SGLT2i listed for CKD regardless of T2D status

Medicines

By Geir O'Rourke

10 Apr 2024

Empagliflozin is now available on the PBS to treat chronic kidney disease in patients with or without T2D, following the latest expansion of funding for the therapy.

The 1 April listing means the SGLT2 inhibitor, branded Jardiance, can be prescribed for the treatment of patients with with proteinuric CKD with an estimated glomerular filtration rate (eGFR) of 25–75 mL/min/1.73 m2 and urine albumin-creatinine ratio (UACR) of 200–5000 mg/g.

Eligible patients must have also been stable using an ACE inhibitor or ARB for at least four weeks unless contraindicated and cannot be on another SGLT2i, per the PBS criteria (link here).

The PBS listing comes just weeks after the TGA granted a new indication for the drug, enabling a broader group of patients with CKD than ever before to receive SGLT2i therapy in Australia.

Professor Eugenia Pedagogos, renal physician at Western Health Victoria, welcomed the new PBS listing, noting that CKD was now the number one cause of hospitalisation in Australia.

“We can and must do more when it comes to CKD,” said Dr Pedagogos in a media release for Boehringer Ingelheim and Eli Lilly.

“Since the turn of the century, deaths associated with CKD have doubled and rates of kidney replacement therapy have risen by almost 150%.”

“New first-line treatments like Jardiance are an essential component of CKD care, and the earlier the condition is diagnosed and treated the better.”

“CKD must also be managed holistically.

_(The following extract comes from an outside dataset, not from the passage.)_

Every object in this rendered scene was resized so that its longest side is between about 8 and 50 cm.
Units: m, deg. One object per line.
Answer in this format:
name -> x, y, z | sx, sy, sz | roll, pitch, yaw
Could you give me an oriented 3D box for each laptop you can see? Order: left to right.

Not only are we aiming to prevent declining kidney function and eventual kidney failure, but also the cardiovascular complications that go hand in hand with kidney disease.

“Treatment should protect both the kidneys and the heart,” she said.

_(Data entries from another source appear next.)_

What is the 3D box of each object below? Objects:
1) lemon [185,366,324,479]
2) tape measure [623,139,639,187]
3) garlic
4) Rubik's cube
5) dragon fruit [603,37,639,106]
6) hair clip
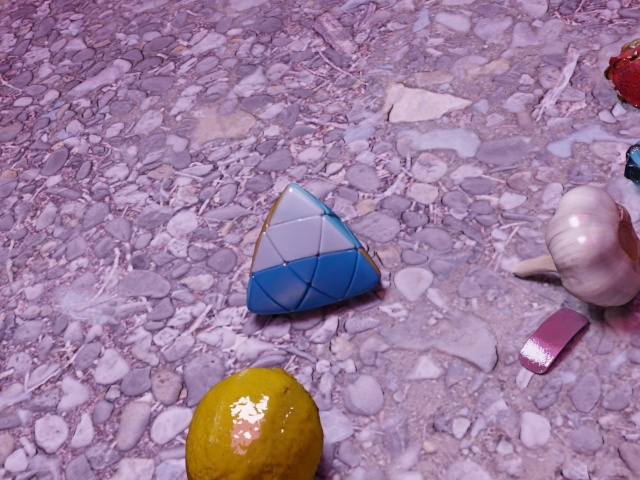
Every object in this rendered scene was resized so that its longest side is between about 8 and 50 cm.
[{"bbox_3d":[-0.097,0.300,1.355,0.204,0.204,0.260,3,46,21],"label":"lemon"},{"bbox_3d":[0.613,-0.131,1.623,0.146,0.081,0.125,28,50,34],"label":"tape measure"},{"bbox_3d":[0.401,0.022,1.498,0.226,0.199,0.199,-19,37,40],"label":"garlic"},{"bbox_3d":[0.000,0.000,1.603,0.254,0.254,0.254,-9,45,9],"label":"Rubik's cube"},{"bbox_3d":[0.656,-0.319,1.764,0.207,0.133,0.150,2,73,-1],"label":"dragon fruit"},{"bbox_3d":[0.371,0.155,1.467,0.054,0.022,0.137,32,63,35],"label":"hair clip"}]

The listing follows a partial recommendation by the Pharmaceutical Benefits Advisory Committee late last year (link here).

Meeting minutes noted the PBAC did not recommend the listing of empagliflozin for the proposed incremental CKD population based upon the subgroup analysis in the EMPA-KIDNEY trial which showed little or no improvement from empagliflozin in patients categorised as low, moderate and high-risk (KDIGO staging) or in those patients with UACR < 200 mg/g at baseline.

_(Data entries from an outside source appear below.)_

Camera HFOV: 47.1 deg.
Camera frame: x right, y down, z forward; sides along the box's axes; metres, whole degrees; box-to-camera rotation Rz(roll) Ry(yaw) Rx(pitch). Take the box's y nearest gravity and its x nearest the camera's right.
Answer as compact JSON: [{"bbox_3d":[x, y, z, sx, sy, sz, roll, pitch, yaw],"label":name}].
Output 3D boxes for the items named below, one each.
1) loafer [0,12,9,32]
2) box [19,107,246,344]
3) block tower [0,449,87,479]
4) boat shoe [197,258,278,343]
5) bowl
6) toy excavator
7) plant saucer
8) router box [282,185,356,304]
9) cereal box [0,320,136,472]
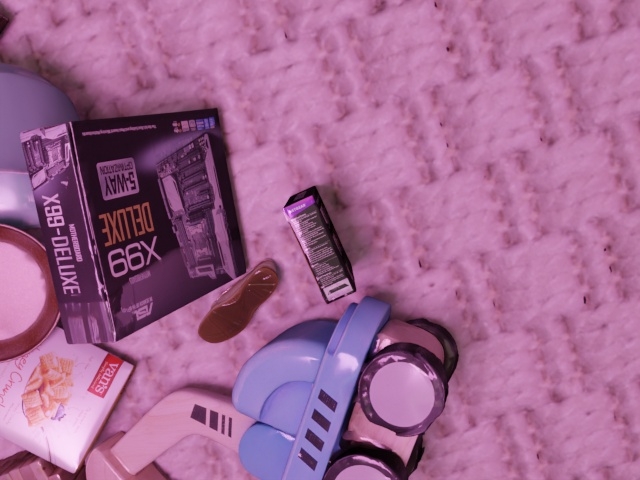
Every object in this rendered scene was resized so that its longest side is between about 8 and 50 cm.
[{"bbox_3d":[-0.501,-0.366,1.002,0.078,0.080,0.220,-32,102,-3],"label":"loafer"},{"bbox_3d":[-0.214,-0.034,0.921,0.076,0.307,0.243,-6,99,24],"label":"box"},{"bbox_3d":[-0.525,0.406,1.117,0.335,0.097,0.091,-23,97,4],"label":"block tower"},{"bbox_3d":[-0.120,0.089,1.076,0.056,0.048,0.153,37,106,-16],"label":"boat shoe"},{"bbox_3d":[-0.431,-0.121,0.946,0.311,0.311,0.163,-6,79,3],"label":"bowl"},{"bbox_3d":[-0.077,0.250,1.038,0.445,0.222,0.433,21,101,13],"label":"toy excavator"},{"bbox_3d":[-0.461,0.073,1.031,0.198,0.036,0.199,-1,94,-10],"label":"plant saucer"},{"bbox_3d":[0.000,0.000,0.983,0.046,0.179,0.133,-24,97,4],"label":"router box"},{"bbox_3d":[-0.417,0.206,1.072,0.240,0.047,0.173,27,76,-2],"label":"cereal box"}]

The PBAC also said it did not consider that the EMPA-KIDNEY trial adequately demonstrated a benefit in the broadened indication for CKD.

“The PBAC noted the modelled treatment effects were not representative of the incremental population, and the overall complexity and uncertainty of the cost-effectiveness analysis made it uninformative,” it said.

Ultimately, the more limited recommendation for listing was based on an assessment that the cost-effectiveness of empagliflozin would be acceptable if it were cost-minimised against dapagliflozin.